Built-in sandbox tools (bash/files/glob/grep)

  • Harness: the managed base session always carries shell + file_operations (@builtin), so the sandbox built-ins map onto those native tools — config-only, nothing added (the shell cell is EXERCISED in the committed harness receipt).
  • Runtime: Bedrock genuinely offers a real sandbox — the AgentCore Code Interpreter (shell + filesystem) — but agentlift does not wire it into the container yet, so it is surfaced as PLANNED. Until then, expose equivalents through a URL MCP server (which does compile), or use --mode harness for a single agent.

Built-in web tools (web_search/web_fetch)

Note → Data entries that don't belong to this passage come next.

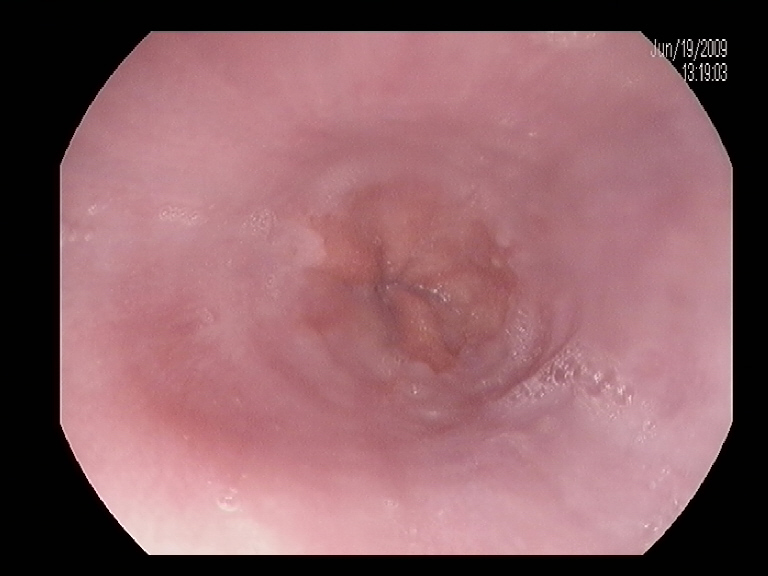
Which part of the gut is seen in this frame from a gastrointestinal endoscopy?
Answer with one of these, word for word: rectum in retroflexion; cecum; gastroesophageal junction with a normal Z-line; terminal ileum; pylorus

gastroesophageal junction with a normal Z-line
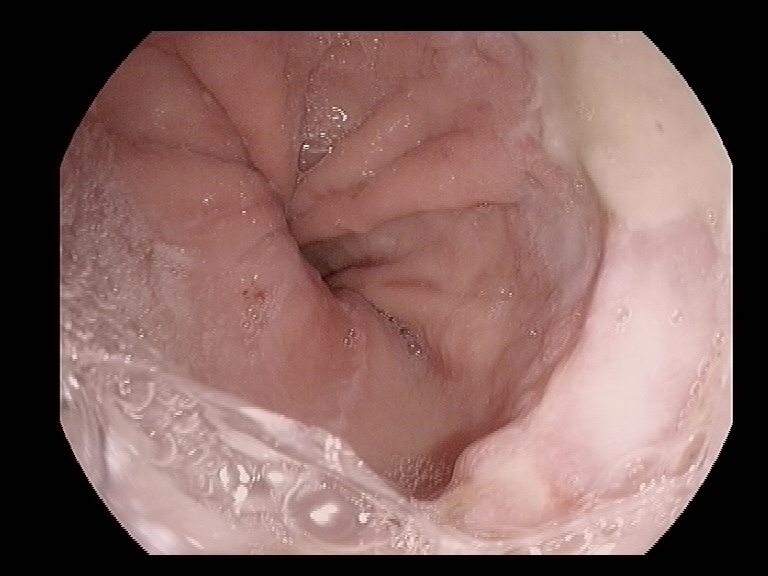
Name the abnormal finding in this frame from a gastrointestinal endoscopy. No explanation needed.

esophagitis
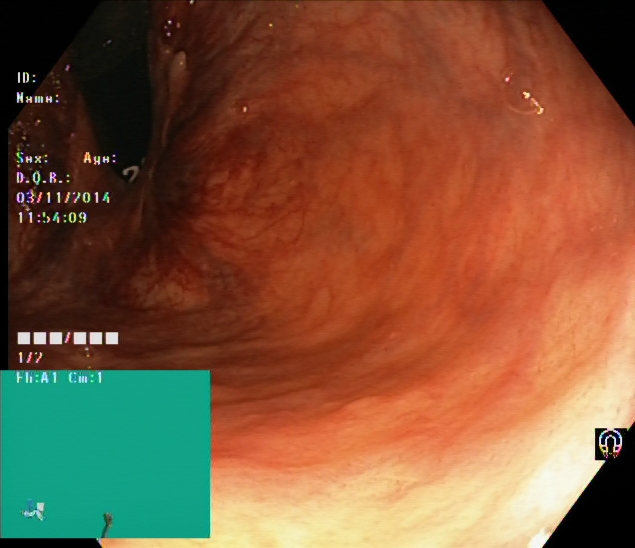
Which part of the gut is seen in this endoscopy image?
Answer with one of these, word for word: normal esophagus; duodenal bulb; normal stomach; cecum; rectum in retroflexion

rectum in retroflexion
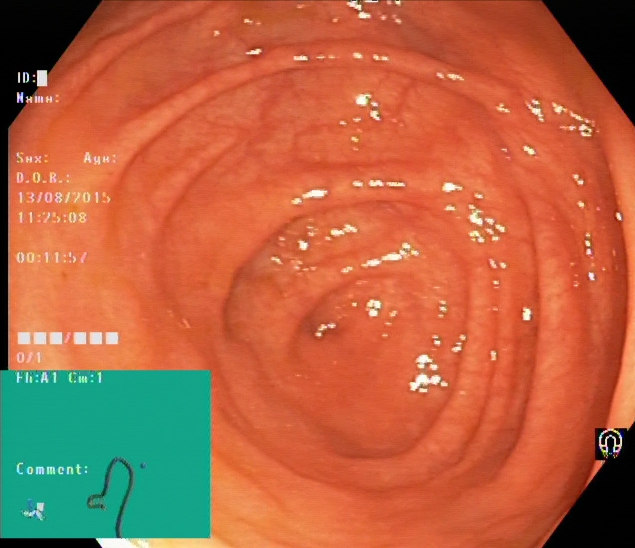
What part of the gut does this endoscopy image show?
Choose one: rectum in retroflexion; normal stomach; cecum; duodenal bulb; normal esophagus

cecum
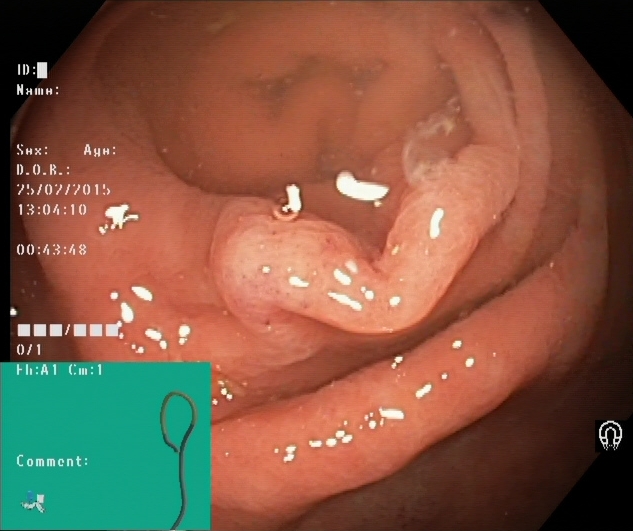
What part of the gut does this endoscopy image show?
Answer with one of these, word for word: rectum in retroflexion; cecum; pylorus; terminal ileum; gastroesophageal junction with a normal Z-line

cecum
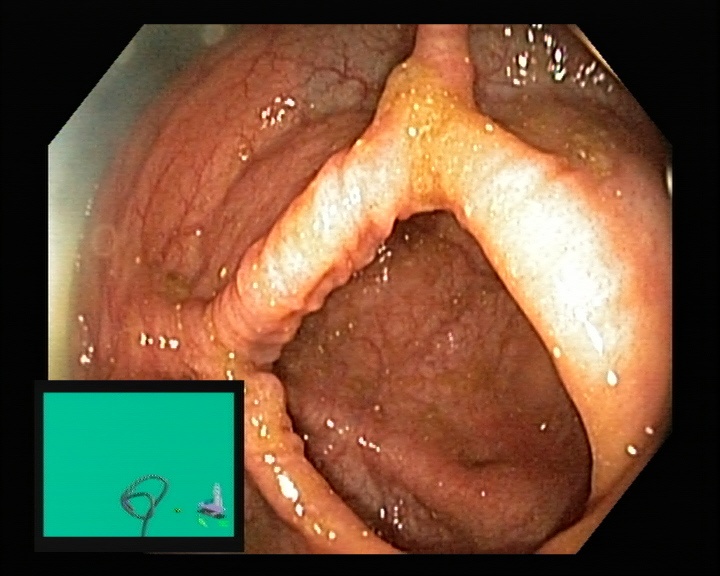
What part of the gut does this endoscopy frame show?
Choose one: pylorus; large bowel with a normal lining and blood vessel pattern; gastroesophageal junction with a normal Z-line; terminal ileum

large bowel with a normal lining and blood vessel pattern
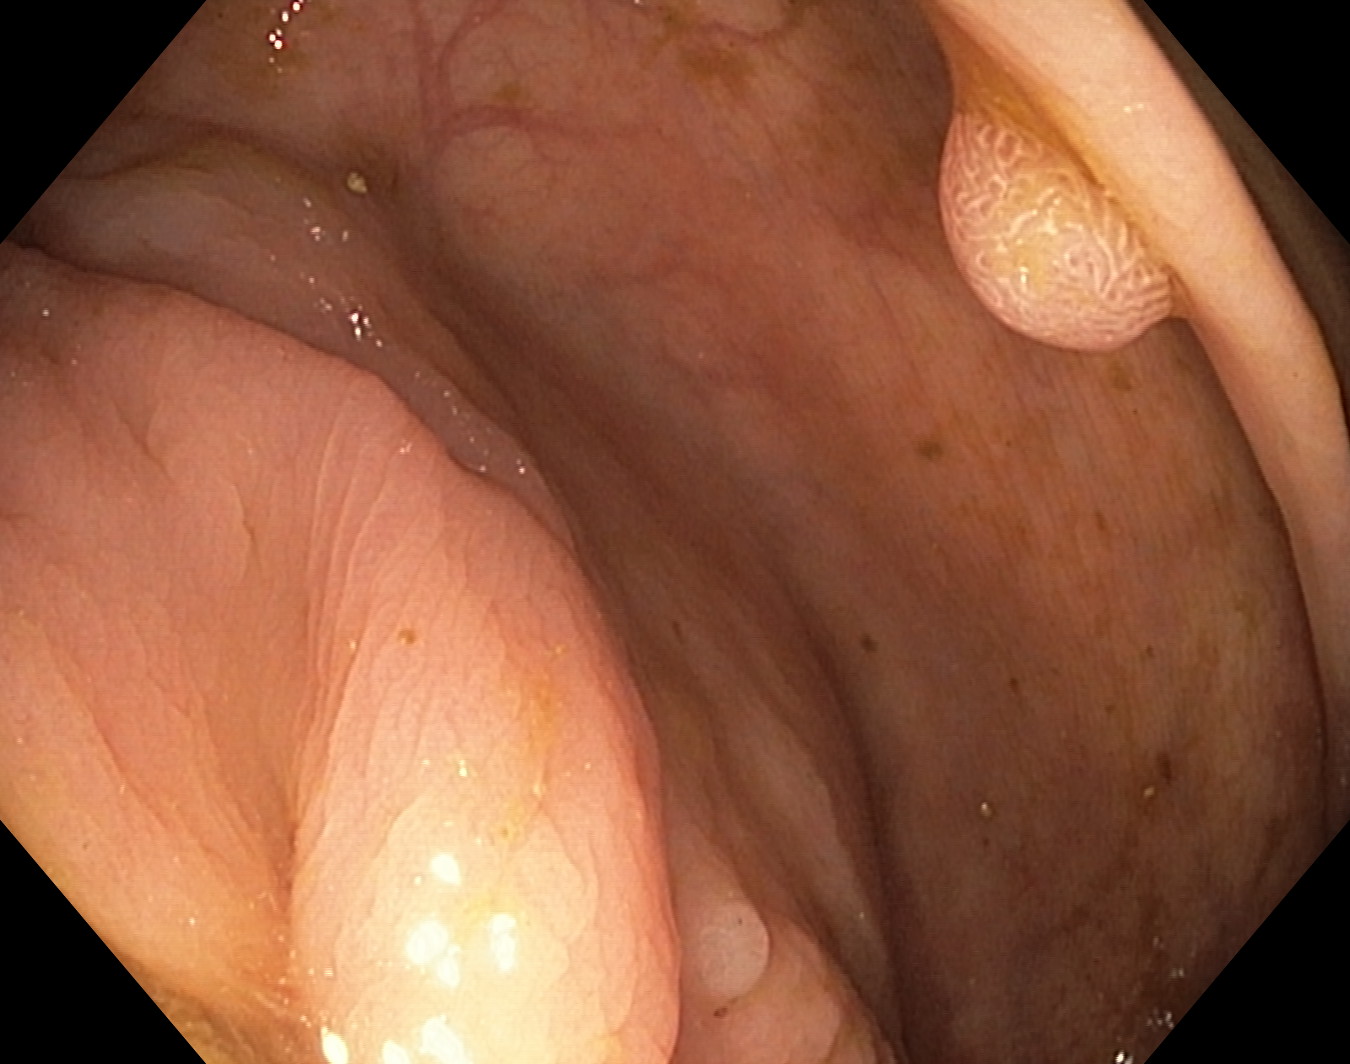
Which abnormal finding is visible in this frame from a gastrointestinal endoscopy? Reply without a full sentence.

colon polyp
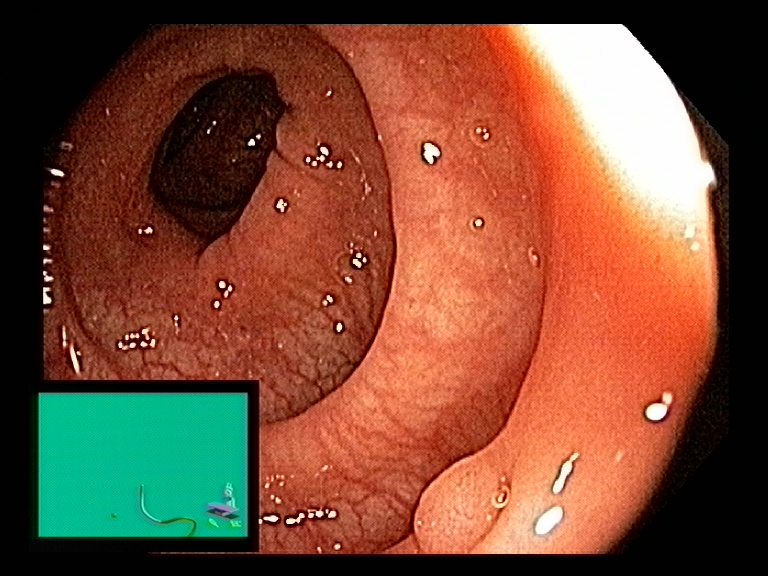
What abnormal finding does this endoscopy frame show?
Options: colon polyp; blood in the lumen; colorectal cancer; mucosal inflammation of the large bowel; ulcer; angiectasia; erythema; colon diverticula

colon polyp
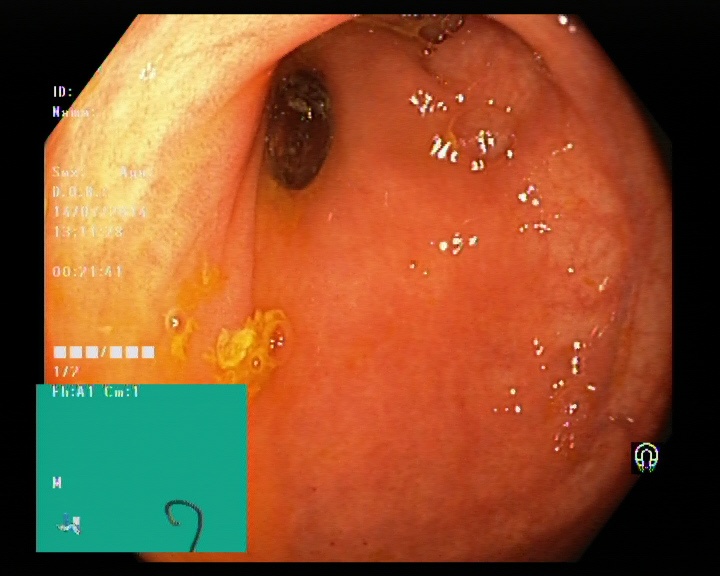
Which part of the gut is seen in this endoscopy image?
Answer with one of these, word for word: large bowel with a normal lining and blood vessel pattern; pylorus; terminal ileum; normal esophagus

large bowel with a normal lining and blood vessel pattern
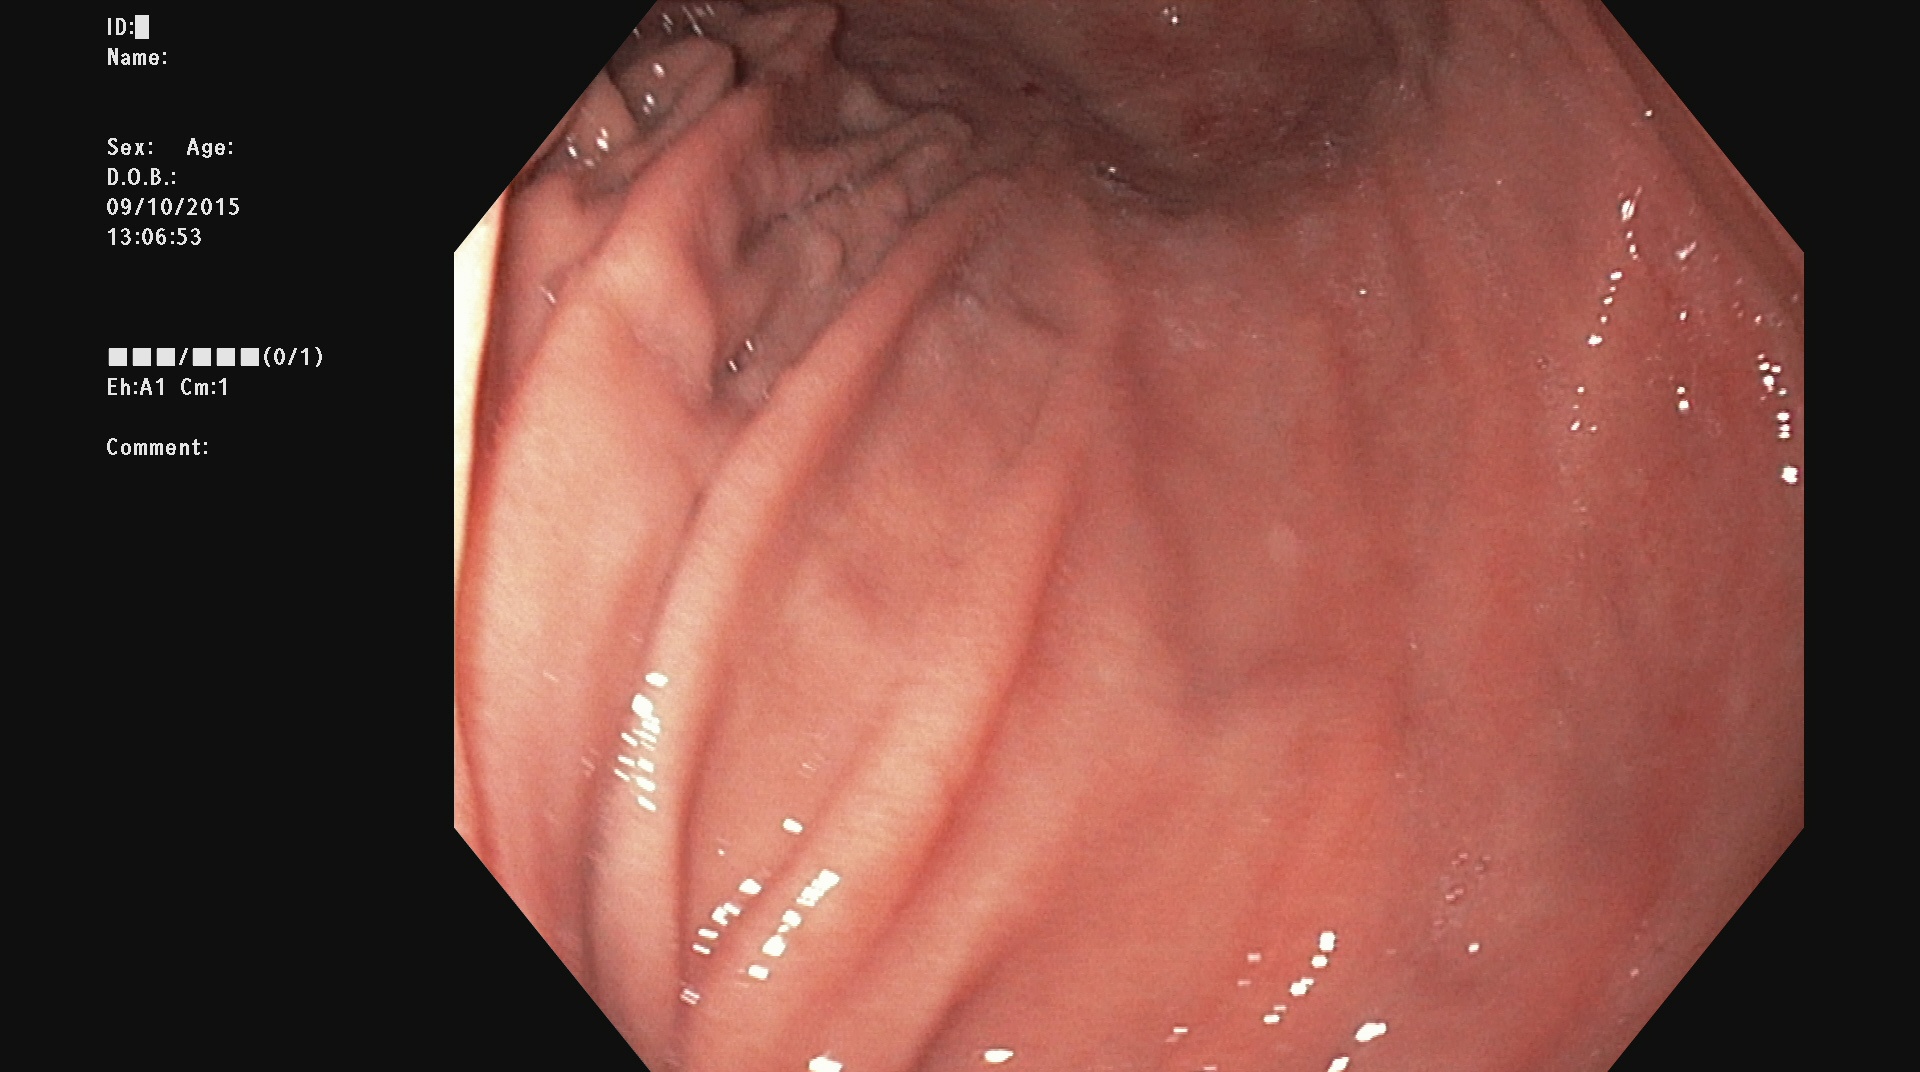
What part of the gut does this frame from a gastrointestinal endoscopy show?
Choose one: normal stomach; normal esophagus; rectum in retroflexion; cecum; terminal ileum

normal stomach
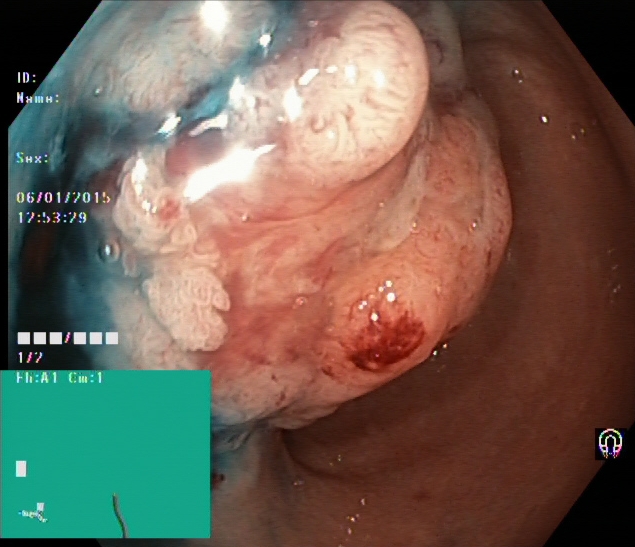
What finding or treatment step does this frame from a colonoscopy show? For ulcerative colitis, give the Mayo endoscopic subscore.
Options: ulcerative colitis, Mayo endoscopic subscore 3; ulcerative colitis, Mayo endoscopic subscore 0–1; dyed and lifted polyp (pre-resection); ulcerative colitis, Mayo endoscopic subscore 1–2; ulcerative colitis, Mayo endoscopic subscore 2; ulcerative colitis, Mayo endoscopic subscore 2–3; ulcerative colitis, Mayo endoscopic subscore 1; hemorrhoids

dyed and lifted polyp (pre-resection)

  • Harness: both map onto the agentcore_browser tool. web_fetch maps cleanly; web_search is approximate — a browser is not a first-class hosted web_search grounding primitive the way Anthropic and Gemini expose one (hence the audit rates web built-ins degraded).
  • Runtime: PLANNED (browser tool not yet wired). Supply web_search via a search MCP server, or keep web-heavy agents on Anthropic / Google.

:ask / per-tool approval — unsupported on both

Neither hosted primitive has an interactive approval channel: the Runtime /invocations call is request/response, the Harness invoke is non-interactive, and Strands human-in-the-loop hooks do not cross the hosted boundary. So :ask is unsupported on AgentCore (a bedrock.tool_approval.unsupported diagnostic, never a silent drop). Enforce approval client-side in the loop that calls the resource, or keep :ask agents on Anthropic where the gate is native.

Cost

A deployed AgentCore resource is billed compute plus model tokens per run; the managed Harness adds no container/ECR cost. The local Strands path (bearer token, no deploy) is just model tokens. Tear down harnesses/runtimes you are not using from the AWS console (or bedrock-agentcore-control delete_harness / delete_agent_runtime via boto3) — agentlift destroy archives Anthropic agents from the lockfile only, it does not yet delete AgentCore resources.

Why the local experiment only needed the bearer token

experiments/bedrock-composition/bedrock_strands_subagents.py runs the coordinator + sub-agent in your process against Bedrock model inference, authenticated solely by AWS_BEARER_TOKEN_BEDROCK. That proves the composition (the coordinator delegates to a researcher sub-agent and calls a deterministic tool — objective tool-call trace, confirmed live). A hosted deploy is the separate step that needs Gate B. This is the same "where does the loop run" distinction the audit makes: local/your-app vs hosted.